Question

The Reaction

A+ B → C

was carried out in a constant-volume batch reactor where the following concentration measurements were recorded as a function of time:

t min 0 5 9 15 22 30 40 60
CA/mol/L 2 1.6 1.35 1.1 0.87 0.7 0.53 0.35

Required:
Determine the reactor order and the specific rate constant If you were to take more data, where would you place the points

Answer 1

Step-by-step explanation:

From the information given:

We can say that the rate of reaction is utilized to decide the reaction speed, and it is subject to the rate constant.

The power of concentration related to the rate equation can be said to be the order of the reaction.

For zero-order reaction: it is the reaction whose rate is free and not dependent on the reactant's concentration.

Concentration-time reaction is given as;

`\mathbf{[A] = [A_o] -kt ---- (1)}`

where;

t = time

k = rate constant

A_o = initial concentration of reactant

Thus, the plot between [A] and t needs to be a straight line.

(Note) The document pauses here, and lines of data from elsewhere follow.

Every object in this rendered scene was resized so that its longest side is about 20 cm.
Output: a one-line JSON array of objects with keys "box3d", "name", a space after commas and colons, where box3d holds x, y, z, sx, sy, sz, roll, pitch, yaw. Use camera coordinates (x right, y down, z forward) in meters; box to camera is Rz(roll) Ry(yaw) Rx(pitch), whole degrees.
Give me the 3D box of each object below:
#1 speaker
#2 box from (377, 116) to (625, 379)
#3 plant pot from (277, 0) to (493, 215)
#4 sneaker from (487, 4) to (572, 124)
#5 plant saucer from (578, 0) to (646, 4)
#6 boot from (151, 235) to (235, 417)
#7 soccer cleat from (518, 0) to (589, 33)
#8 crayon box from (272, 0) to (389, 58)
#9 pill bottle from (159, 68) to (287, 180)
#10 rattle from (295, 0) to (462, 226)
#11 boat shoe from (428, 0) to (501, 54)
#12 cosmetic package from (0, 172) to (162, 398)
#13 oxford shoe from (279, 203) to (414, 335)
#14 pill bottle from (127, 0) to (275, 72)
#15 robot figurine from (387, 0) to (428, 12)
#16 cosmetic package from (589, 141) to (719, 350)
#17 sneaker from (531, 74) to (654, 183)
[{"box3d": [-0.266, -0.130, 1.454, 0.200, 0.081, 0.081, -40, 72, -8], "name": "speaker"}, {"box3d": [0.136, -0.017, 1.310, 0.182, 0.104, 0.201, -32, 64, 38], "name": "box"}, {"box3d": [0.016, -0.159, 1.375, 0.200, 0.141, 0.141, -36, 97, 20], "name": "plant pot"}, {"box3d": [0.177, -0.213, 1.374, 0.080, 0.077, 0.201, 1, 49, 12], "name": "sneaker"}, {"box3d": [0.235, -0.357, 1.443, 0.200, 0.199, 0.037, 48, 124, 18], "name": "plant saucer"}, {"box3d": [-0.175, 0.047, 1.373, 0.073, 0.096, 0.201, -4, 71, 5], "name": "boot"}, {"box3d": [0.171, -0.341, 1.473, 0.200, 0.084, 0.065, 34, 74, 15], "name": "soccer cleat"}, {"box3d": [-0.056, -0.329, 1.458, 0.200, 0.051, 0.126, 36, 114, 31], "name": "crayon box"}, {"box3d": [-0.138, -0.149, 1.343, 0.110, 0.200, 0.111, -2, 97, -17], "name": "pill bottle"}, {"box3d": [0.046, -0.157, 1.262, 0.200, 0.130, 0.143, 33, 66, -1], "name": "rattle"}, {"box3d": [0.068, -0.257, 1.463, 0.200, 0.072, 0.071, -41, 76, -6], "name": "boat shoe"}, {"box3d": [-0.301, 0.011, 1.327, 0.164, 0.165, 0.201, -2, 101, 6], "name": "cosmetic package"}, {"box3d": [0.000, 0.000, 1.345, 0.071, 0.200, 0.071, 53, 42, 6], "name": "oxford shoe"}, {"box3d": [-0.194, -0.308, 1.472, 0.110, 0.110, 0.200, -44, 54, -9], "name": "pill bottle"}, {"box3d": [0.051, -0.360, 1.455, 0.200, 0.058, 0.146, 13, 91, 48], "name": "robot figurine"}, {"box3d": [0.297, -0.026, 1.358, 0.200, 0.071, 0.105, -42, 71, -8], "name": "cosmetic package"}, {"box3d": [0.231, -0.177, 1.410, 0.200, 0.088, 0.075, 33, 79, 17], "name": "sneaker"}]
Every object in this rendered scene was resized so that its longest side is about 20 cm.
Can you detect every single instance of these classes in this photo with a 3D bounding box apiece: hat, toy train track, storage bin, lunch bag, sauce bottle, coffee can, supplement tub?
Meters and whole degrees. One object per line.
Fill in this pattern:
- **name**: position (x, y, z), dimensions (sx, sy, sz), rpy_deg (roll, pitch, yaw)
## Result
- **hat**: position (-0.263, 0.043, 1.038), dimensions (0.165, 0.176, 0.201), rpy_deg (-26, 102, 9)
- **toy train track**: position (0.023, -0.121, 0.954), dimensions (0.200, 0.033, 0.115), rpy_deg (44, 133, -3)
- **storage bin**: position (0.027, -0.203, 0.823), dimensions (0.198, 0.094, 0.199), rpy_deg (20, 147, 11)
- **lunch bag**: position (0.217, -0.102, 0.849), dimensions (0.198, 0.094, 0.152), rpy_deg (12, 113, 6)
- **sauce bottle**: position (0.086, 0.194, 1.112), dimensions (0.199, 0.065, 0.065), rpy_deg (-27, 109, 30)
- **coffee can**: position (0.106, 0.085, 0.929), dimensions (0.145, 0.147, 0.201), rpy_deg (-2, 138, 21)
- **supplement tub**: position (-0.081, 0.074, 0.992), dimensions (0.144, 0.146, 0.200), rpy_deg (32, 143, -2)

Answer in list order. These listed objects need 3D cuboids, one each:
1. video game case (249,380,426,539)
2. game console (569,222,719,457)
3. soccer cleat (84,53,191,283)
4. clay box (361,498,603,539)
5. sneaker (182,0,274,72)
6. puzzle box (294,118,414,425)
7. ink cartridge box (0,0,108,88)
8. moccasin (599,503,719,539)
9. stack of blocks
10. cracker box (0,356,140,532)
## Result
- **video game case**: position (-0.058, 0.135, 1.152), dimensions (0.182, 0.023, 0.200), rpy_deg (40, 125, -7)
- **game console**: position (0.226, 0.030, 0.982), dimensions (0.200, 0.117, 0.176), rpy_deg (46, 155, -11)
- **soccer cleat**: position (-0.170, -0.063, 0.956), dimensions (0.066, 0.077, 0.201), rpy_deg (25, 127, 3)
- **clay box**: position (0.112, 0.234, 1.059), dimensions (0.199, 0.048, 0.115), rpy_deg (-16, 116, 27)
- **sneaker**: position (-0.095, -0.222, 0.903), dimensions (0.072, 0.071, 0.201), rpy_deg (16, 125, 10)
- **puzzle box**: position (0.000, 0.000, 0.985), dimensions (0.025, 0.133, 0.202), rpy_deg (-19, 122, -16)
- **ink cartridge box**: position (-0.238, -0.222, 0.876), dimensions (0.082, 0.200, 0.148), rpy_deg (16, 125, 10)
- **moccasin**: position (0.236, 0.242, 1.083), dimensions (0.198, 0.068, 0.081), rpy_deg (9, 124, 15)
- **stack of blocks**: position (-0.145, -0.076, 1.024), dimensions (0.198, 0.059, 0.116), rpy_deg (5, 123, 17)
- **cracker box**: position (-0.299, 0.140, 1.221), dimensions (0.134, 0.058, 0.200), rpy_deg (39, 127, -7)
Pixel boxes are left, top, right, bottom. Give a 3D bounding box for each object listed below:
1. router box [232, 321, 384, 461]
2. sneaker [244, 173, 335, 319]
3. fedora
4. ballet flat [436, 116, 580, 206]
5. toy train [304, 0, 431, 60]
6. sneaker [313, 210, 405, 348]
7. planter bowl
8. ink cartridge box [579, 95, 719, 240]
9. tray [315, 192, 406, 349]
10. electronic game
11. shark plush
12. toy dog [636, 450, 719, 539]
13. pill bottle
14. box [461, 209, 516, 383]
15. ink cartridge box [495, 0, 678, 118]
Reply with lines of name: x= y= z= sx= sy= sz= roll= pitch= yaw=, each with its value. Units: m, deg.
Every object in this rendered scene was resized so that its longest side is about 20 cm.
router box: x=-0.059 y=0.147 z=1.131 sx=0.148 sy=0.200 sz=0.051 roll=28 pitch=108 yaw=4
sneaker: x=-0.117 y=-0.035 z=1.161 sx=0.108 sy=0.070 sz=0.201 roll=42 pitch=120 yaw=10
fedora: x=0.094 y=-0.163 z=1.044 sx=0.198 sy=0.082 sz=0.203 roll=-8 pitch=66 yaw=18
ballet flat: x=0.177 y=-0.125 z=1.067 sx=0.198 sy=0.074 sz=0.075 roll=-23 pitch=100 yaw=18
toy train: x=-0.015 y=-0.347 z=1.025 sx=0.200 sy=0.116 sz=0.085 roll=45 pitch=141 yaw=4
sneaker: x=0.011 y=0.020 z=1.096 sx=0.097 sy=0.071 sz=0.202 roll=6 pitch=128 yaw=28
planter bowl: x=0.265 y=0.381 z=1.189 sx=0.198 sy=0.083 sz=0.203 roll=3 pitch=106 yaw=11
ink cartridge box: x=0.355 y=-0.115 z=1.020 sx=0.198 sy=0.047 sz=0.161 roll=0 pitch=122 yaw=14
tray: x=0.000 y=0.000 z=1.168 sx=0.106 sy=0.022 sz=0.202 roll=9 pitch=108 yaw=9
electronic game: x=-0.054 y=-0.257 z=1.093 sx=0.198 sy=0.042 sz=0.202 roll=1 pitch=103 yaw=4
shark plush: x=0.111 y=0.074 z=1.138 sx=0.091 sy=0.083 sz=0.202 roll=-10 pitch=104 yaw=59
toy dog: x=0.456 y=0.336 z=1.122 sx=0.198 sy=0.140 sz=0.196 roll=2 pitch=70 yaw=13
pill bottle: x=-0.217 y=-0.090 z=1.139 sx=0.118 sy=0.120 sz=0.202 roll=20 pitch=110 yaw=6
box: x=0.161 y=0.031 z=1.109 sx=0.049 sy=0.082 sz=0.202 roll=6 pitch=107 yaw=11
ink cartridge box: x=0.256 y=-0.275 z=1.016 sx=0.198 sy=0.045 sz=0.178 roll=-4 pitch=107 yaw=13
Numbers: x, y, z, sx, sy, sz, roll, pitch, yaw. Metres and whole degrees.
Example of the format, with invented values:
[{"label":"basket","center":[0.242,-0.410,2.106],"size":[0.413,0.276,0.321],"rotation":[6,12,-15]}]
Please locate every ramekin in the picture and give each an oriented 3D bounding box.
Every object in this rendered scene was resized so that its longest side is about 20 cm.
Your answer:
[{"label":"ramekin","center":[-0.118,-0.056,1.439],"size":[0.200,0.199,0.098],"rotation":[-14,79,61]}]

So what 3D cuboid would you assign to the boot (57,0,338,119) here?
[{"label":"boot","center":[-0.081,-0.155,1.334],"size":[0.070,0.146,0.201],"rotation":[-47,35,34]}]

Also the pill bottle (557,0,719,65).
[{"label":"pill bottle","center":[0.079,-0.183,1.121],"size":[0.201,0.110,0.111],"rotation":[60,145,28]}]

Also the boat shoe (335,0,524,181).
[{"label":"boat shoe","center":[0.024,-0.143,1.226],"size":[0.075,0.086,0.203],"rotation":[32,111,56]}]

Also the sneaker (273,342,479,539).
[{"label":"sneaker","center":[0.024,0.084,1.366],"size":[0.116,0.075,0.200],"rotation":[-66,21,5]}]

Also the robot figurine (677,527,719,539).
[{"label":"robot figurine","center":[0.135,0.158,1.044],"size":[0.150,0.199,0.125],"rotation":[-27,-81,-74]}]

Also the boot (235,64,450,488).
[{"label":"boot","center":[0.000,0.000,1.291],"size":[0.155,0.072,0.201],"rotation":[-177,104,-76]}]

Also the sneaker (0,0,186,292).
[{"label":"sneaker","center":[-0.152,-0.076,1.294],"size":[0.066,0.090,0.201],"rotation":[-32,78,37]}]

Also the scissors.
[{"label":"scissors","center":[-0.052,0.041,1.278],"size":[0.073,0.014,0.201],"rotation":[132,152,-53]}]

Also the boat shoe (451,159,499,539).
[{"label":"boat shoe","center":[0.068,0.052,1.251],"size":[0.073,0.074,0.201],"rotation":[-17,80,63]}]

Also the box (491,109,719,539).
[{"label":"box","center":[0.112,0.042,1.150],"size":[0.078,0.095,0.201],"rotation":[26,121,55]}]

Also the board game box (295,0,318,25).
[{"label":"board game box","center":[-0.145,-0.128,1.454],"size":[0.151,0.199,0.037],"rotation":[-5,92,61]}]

On the other hand, The First order reaction is the reaction whose rate is straightforwardly corresponding to the reactant's concentration.

Its concentration-time relation can be expressed as,

`\mathbf{In([A])= In ([A_o])-kt ---- (2)}`

t = time

k = rate constant

[A_o] = initial concentration of the reactant

Then, the plot between [A] & t requires to be a straight line.

Presently, the plot between ln([A]) vs time appears to be in a straight line with the slope of the line equivalents to the rate constant (k).

hence,

slope = -k

Then;

`\mathbf{k = -slope ---- (3)}`

Now; to discover the activation energy we need to utilize Arrhenius relation which is given as,

`\mathbf{In(k) = In(K_o) - (E_o)/(RT) ---- (4)}`

From the above equation;

k_o = arrhenius parameter

Ea = activation energy

R = 8.314 J/mol.K

T = temperature in Kelvin

From the data given for concentration vs time;

t[min] Ca(mol/L)

0 2

5 1.6

9 1.35

15 1.1

22 0.87

30 0.7

40 0.53

60 0.35

a)

Since we can deduce the order of the reaction,

Let's assume that it is a zero-order reaction, Thus, the plot of Ca vs t can be seen in the first image attached below;

From the diagram, it is clear and obvious that it is NOT a straight line.

Thus, we conclude that this order is NOT a zero-order.

However, let also assume that order is first order,

Now, from the second diagram showing the plot of ln(Ca) vs t, we can deduce that it is a straight line which implies that it is the order of the reaction is first order.

Therefore, the equation for the first order is given as;

`\mathbf{In([A]) = In ([A_o])- kt}`

Recall that: the slope of the ln(A) v/s time will result in a rate constant,

Thus, from the graph we have;

slope = -0.0289 mol/L.min and:

slope = - k

Hence;

rate constant = k = 0.0289 mol/L.min and the order = 1st order

b)

On the off chance that we need to take more data points, we will like to take the data point in the scope of 40 min to 60 min time interval, on the grounds that the significant deviation is seen there. more information focuses will imply more accuracy.